ISSN: 1391 - 0531
Sunday November 4, 2007
Vol. 42 - No 23
Financial Times  

Golden rules to evaluate the budget

It is Halloween time in the jungle and the weirdest animals gather for their annual retreat prior to the jungle budget presentation. The media asses use this opportunity to seek the views of sucker footed bats of the treasury, star nosed moles of the central bank, vampire bats of the tax department, business chamber aye-ayes, business sloth, economists’ tapirs, hagfish expert professionals, and proboscis monkey civil society leaders. Their comments and critique are sought before and after the budget presentation. The animal associations raise funds by holding pre and post budget seminars.

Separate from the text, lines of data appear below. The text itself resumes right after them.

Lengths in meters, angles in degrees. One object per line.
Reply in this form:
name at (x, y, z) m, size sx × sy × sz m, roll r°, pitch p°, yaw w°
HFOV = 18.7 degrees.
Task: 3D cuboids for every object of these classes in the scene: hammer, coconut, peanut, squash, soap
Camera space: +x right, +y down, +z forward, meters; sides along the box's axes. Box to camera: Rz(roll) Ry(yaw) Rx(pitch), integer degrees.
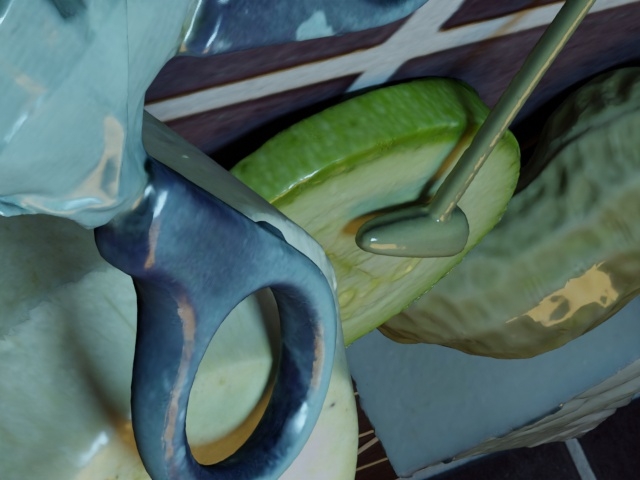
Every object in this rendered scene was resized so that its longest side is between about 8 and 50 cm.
hammer at (0.080, -0.064, 0.909) m, size 0.060 × 0.028 × 0.195 m, roll -1°, pitch 135°, yaw -40°
coconut at (-0.110, 0.058, 0.753) m, size 0.241 × 0.241 × 0.241 m, roll -22°, pitch 168°, yaw -5°
peanut at (0.148, -0.015, 1.109) m, size 0.298 × 0.136 × 0.120 m, roll -24°, pitch 180°, yaw 24°
squash at (0.003, 0.004, 0.997) m, size 0.219 × 0.041 × 0.219 m, roll -31°, pitch 157°, yaw -15°
soap at (0.171, 0.040, 1.336) m, size 0.257 × 0.159 × 0.302 m, roll -33°, pitch 166°, yaw 30°

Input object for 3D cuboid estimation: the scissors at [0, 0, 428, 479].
scissors at (-0.069, -0.045, 0.495) m, size 0.383 × 0.029 × 0.256 m, roll 9°, pitch 101°, yaw -60°

There are no agreed rules or guidelines governing these comments and critique. Connections, patronage, degree of dependence, network needs, affiliations by party colours, competency, the straightness of the back bone, the level of independence and the commitment to stakeholders are the drivers of any critique or the lack of it.

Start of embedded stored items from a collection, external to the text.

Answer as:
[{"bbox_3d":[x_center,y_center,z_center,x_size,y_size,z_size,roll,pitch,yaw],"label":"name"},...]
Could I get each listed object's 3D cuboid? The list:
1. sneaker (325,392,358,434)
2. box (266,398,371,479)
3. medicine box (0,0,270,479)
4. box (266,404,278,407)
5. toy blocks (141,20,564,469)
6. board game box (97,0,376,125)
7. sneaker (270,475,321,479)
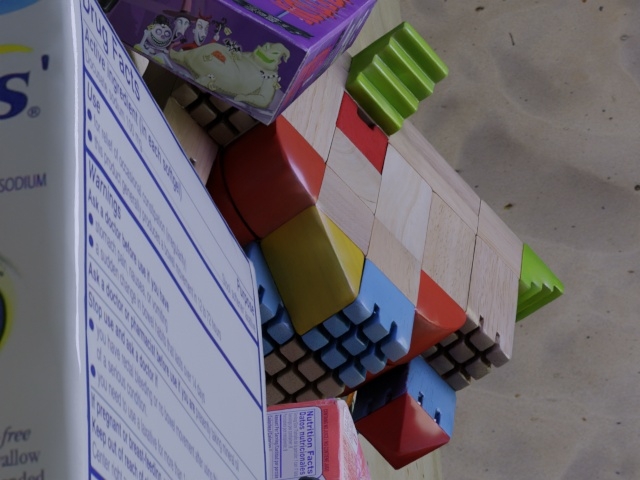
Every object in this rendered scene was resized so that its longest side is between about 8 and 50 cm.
[{"bbox_3d":[-0.018,0.156,1.399,0.100,0.108,0.271,-44,126,-82],"label":"sneaker"},{"bbox_3d":[-0.042,0.248,0.996,0.142,0.154,0.300,71,12,-47],"label":"box"},{"bbox_3d":[-0.116,0.087,0.696,0.263,0.149,0.289,65,18,-61],"label":"medicine box"},{"bbox_3d":[-0.025,0.243,1.302,0.113,0.094,0.275,-72,151,-71],"label":"box"},{"bbox_3d":[0.000,0.000,1.235,0.381,0.191,0.261,46,29,-20],"label":"toy blocks"},{"bbox_3d":[-0.081,-0.154,1.047,0.056,0.208,0.347,-57,-179,14],"label":"board game box"},{"bbox_3d":[-0.067,0.148,0.938,0.077,0.178,0.072,-112,-146,-55],"label":"sneaker"}]

The Wise Old Owl was asked as to “what the budget should bring out, predicted outcomes and to set out guidelines for evaluation and this was WOO’s response.
The budget should deliver the following outcomes --

1. Encourage growth and investment within a peaceful, law and order maintained external environment, where justice, good governance and the support of the international community prevail; assure effective macro economic management to realize stable exchange rates; reasonable levels of inflation and real interest rates; prioritized optimum spends on physical infrastructure improvements, human capital development, health and poverty alleviation;

encourage long term investments in regions with income disparities; an effective, wide and simple to administer tax system that taxes more those best able to contribute;

curtailment of waste, corruption and unproductive spends and subsidies; establish network alliances to effectively tap into the growing economic, trade, investment and social development in the region led by India; establishes an appropriate long term policy framework towards realizing a vision for the nation and its people and making Sri Lanka a safe and easy to do business destination,

2.The budget may be attractively decorated and covered with sweet icing, resembling the above outcomes, but will cleverly hide the long term implications and bitter pills inside. In the short term the proposals will even fail to address effectively macro management and good governance needs, in the context of the challenges facing the government with;
* a budget to balance
* a budget debate to win a war
* allocation of goodies to give away for short term popularity
* politicians and supporters to please
* large infrastructure commitments to fit personal agendas
* not bound by donor conditionality
* an opposition to be outdone
* an internationally negative economic environment
* an acceptable package to settle the ethnic conflict
* meeting international, Indian and local aspirations
* human rights issues to be neutralized

3. Guidelines for evaluation and critique include;

* Validate the overall directions established by the budget in supporting the desired outcomes
* Is the budget a statement of action and not a mere policy statement? Is it comprehensive, transparent and accountable? Does it set concrete, quantifiable proposals with supportive action plans, definitive time lines and accountability? Will it ensure fiscal transparency and good governance, and promote high quality sustainable growth?
Are the following clearly specified?
- Macro Economic Framework
- Fiscal Policy Objectives
- Rationale behind the Objectives
- Key Assumptions in compiling the Budget
- Impact of the key assumptions
- Previous year’s budget and corresponding actual figures
- Latest estimates of current budget
- Forecasts for the balance part of the year
- Financial commitments and the progress in relation to thrust sectors of the economy, and major infrastructure projects,
- Contingency liabilities of the government, including deferred payment commitments, unfunded pension liabilities,
- Compare the budgeted revenue and expenses (capital and recurrent) and other key macro variables projected in 2006 and 2007 including current account, balance of payments, debt, deficit financing with actual and estimated outturns, variances, and critique the long term impact
- Validate the long term justification of the resource allocations budgeted for 2008
- Validate the long term implications of current account deficits, balance of payments and deficit financing
- Disaggregate growth by regions
- Validate for ethnic sensitivity
- Identify wasteful expenses
- Predict the likely outcomes if previous trends repeat in 2008
- Review risks and sensitivity to changes in critical assumptions
- Likely impact of blanket approval to substitute vote heads
- Impact of deficits and financing off balance sheet commitments eg. CPC and CEB
- Are the three year projections realistic and rationale or merely an arithmetic projection?
Take note the supermen, super brands, and super fence sitters! At least this time round think before you leap in with your response critique!